>>>

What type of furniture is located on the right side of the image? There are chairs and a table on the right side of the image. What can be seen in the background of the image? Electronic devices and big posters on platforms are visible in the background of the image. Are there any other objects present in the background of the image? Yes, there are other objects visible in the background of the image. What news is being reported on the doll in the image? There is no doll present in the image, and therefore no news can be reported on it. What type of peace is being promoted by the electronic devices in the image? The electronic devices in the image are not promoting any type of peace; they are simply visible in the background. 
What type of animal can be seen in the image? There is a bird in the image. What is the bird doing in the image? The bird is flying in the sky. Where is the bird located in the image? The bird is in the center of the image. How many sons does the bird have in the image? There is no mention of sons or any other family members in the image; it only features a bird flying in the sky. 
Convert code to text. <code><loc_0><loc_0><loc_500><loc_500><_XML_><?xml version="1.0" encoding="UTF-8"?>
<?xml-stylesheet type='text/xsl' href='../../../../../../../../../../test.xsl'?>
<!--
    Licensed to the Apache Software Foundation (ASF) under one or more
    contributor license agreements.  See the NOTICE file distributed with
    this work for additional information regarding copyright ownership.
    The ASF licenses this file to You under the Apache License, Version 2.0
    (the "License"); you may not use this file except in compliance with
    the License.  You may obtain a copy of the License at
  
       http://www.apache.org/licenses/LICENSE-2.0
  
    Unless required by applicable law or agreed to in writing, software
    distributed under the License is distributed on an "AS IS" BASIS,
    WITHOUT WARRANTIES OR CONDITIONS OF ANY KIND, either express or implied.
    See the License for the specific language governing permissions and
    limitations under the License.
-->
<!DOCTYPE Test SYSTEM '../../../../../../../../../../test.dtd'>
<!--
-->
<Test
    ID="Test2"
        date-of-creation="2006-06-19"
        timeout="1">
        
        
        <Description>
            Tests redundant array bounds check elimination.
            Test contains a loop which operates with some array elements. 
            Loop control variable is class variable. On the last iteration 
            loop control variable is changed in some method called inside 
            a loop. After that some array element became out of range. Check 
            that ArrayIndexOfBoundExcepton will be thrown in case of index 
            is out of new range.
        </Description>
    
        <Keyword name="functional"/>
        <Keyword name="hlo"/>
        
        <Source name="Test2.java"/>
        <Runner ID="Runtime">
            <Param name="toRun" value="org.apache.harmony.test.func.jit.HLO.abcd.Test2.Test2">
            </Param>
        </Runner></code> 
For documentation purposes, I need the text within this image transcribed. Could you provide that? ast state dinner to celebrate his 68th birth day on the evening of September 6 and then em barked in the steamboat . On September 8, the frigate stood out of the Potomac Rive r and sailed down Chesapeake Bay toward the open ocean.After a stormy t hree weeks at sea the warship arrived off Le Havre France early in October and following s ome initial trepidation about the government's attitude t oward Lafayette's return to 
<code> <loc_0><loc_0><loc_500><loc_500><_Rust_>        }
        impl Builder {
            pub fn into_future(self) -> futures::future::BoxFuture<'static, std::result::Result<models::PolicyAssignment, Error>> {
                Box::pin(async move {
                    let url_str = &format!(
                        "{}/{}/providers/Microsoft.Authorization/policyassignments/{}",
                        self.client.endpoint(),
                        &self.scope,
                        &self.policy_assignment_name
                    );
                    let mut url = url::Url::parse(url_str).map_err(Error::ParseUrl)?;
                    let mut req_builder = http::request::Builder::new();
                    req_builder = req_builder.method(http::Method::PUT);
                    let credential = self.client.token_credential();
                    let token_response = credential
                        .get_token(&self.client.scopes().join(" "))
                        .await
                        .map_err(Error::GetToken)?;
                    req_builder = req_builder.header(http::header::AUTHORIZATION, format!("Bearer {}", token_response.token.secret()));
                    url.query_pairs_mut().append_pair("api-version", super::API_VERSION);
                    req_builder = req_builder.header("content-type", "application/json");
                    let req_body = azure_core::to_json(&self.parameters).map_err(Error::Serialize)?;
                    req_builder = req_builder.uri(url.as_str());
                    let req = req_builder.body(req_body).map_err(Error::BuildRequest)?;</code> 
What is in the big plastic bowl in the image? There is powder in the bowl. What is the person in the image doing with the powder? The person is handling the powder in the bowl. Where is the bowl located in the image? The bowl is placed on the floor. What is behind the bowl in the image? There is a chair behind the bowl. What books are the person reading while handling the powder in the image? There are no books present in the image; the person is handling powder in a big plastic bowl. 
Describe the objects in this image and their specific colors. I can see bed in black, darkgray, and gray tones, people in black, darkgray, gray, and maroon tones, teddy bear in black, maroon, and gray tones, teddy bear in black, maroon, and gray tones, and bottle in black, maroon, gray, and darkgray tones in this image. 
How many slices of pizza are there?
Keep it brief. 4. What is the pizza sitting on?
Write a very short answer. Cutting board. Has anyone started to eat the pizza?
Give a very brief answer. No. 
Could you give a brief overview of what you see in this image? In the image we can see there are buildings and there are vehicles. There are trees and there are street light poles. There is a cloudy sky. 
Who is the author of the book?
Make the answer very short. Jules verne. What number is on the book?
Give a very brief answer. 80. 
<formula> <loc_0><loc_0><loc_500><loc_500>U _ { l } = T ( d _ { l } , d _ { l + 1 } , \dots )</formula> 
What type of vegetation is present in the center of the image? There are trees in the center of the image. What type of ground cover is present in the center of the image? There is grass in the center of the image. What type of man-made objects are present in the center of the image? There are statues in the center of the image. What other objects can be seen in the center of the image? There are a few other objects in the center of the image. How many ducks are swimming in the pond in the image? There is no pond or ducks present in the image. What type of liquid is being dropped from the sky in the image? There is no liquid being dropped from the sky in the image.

<<<

— Exercise goal —
Reproduce the listing exactly. Every line stays as it is.

— Result of the task —
What type of furniture is located on the right side of the image? There are chairs and a table on the right side of the image. What can be seen in the background of the image? Electronic devices and big posters on platforms are visible in the background of the image. Are there any other objects present in the background of the image? Yes, there are other objects visible in the background of the image. What news is being reported on the doll in the image? There is no doll present in the image, and therefore no news can be reported on it. What type of peace is being promoted by the electronic devices in the image? The electronic devices in the image are not promoting any type of peace; they are simply visible in the background. 
What type of animal can be seen in the image? There is a bird in the image. What is the bird doing in the image? The bird is flying in the sky. Where is the bird located in the image? The bird is in the center of the image. How many sons does the bird have in the image? There is no mention of sons or any other family members in the image; it only features a bird flying in the sky. 
Convert code to text. <code><loc_0><loc_0><loc_500><loc_500><_XML_><?xml version="1.0" encoding="UTF-8"?>
<?xml-stylesheet type='text/xsl' href='../../../../../../../../../../test.xsl'?>
<!--
    Licensed to the Apache Software Foundation (ASF) under one or more
    contributor license agreements.  See the NOTICE file distributed with
    this work for additional information regarding copyright ownership.
    The ASF licenses this file to You under the Apache License, Version 2.0
    (the "License"); you may not use this file except in compliance with
    the License.  You may obtain a copy of the License at
  
       http://www.apache.org/licenses/LICENSE-2.0
  
    Unless required by applicable law or agreed to in writing, software
    distributed under the License is distributed on an "AS IS" BASIS,
    WITHOUT WARRANTIES OR CONDITIONS OF ANY KIND, either express or implied.
    See the License for the specific language governing permissions and
    limitations under the License.
-->
<!DOCTYPE Test SYSTEM '../../../../../../../../../../test.dtd'>
<!--
-->
<Test
    ID="Test2"
        date-of-creation="2006-06-19"
        timeout="1">
        
        
        <Description>
            Tests redundant array bounds check elimination.
            Test contains a loop which operates with some array elements. 
            Loop control variable is class variable. On the last iteration 
            loop control variable is changed in some method called inside 
            a loop. After that some array element became out of range. Check 
            that ArrayIndexOfBoundExcepton will be thrown in case of index 
            is out of new range.
        </Description>
    
        <Keyword name="functional"/>
        <Keyword name="hlo"/>
        
        <Source name="Test2.java"/>
        <Runner ID="Runtime">
            <Param name="toRun" value="org.apache.harmony.test.func.jit.HLO.abcd.Test2.Test2">
            </Param>
        </Runner></code> 
For documentation purposes, I need the text within this image transcribed. Could you provide that? ast state dinner to celebrate his 68th birth day on the evening of September 6 and then em barked in the steamboat . On September 8, the frigate stood out of the Potomac Rive r and sailed down Chesapeake Bay toward the open ocean.After a stormy t hree weeks at sea the warship arrived off Le Havre France early in October and following s ome initial trepidation about the government's attitude t oward Lafayette's return to 
<code> <loc_0><loc_0><loc_500><loc_500><_Rust_>        }
        impl Builder {
            pub fn into_future(self) -> futures::future::BoxFuture<'static, std::result::Result<models::PolicyAssignment, Error>> {
                Box::pin(async move {
                    let url_str = &format!(
                        "{}/{}/providers/Microsoft.Authorization/policyassignments/{}",
                        self.client.endpoint(),
                        &self.scope,
                        &self.policy_assignment_name
                    );
                    let mut url = url::Url::parse(url_str).map_err(Error::ParseUrl)?;
                    let mut req_builder = http::request::Builder::new();
                    req_builder = req_builder.method(http::Method::PUT);
                    let credential = self.client.token_credential();
                    let token_response = credential
                        .get_token(&self.client.scopes().join(" "))
                        .await
                        .map_err(Error::GetToken)?;
                    req_builder = req_builder.header(http::header::AUTHORIZATION, format!("Bearer {}", token_response.token.secret()));
                    url.query_pairs_mut().append_pair("api-version", super::API_VERSION);
                    req_builder = req_builder.header("content-type", "application/json");
                    let req_body = azure_core::to_json(&self.parameters).map_err(Error::Serialize)?;
                    req_builder = req_builder.uri(url.as_str());
                    let req = req_builder.body(req_body).map_err(Error::BuildRequest)?;</code> 
What is in the big plastic bowl in the image? There is powder in the bowl. What is the person in the image doing with the powder? The person is handling the powder in the bowl. Where is the bowl located in the image? The bowl is placed on the floor. What is behind the bowl in the image? There is a chair behind the bowl. What books are the person reading while handling the powder in the image? There are no books present in the image; the person is handling powder in a big plastic bowl. 
Describe the objects in this image and their specific colors. I can see bed in black, darkgray, and gray tones, people in black, darkgray, gray, and maroon tones, teddy bear in black, maroon, and gray tones, teddy bear in black, maroon, and gray tones, and bottle in black, maroon, gray, and darkgray tones in this image. 
How many slices of pizza are there?
Keep it brief. 4. What is the pizza sitting on?
Write a very short answer. Cutting board. Has anyone started to eat the pizza?
Give a very brief answer. No. 
Could you give a brief overview of what you see in this image? In the image we can see there are buildings and there are vehicles. There are trees and there are street light poles. There is a cloudy sky. 
Who is the author of the book?
Make the answer very short. Jules verne. What number is on the book?
Give a very brief answer. 80. 
<formula> <loc_0><loc_0><loc_500><loc_500>U _ { l } = T ( d _ { l } , d _ { l + 1 } , \dots )</formula> 
What type of vegetation is present in the center of the image? There are trees in the center of the image. What type of ground cover is present in the center of the image? There is grass in the center of the image. What type of man-made objects are present in the center of the image? There are statues in the center of the image. What other objects can be seen in the center of the image? There are a few other objects in the center of the image. How many ducks are swimming in the pond in the image? There is no pond or ducks present in the image. What type of liquid is being dropped from the sky in the image? There is no liquid being dropped from the sky in the image.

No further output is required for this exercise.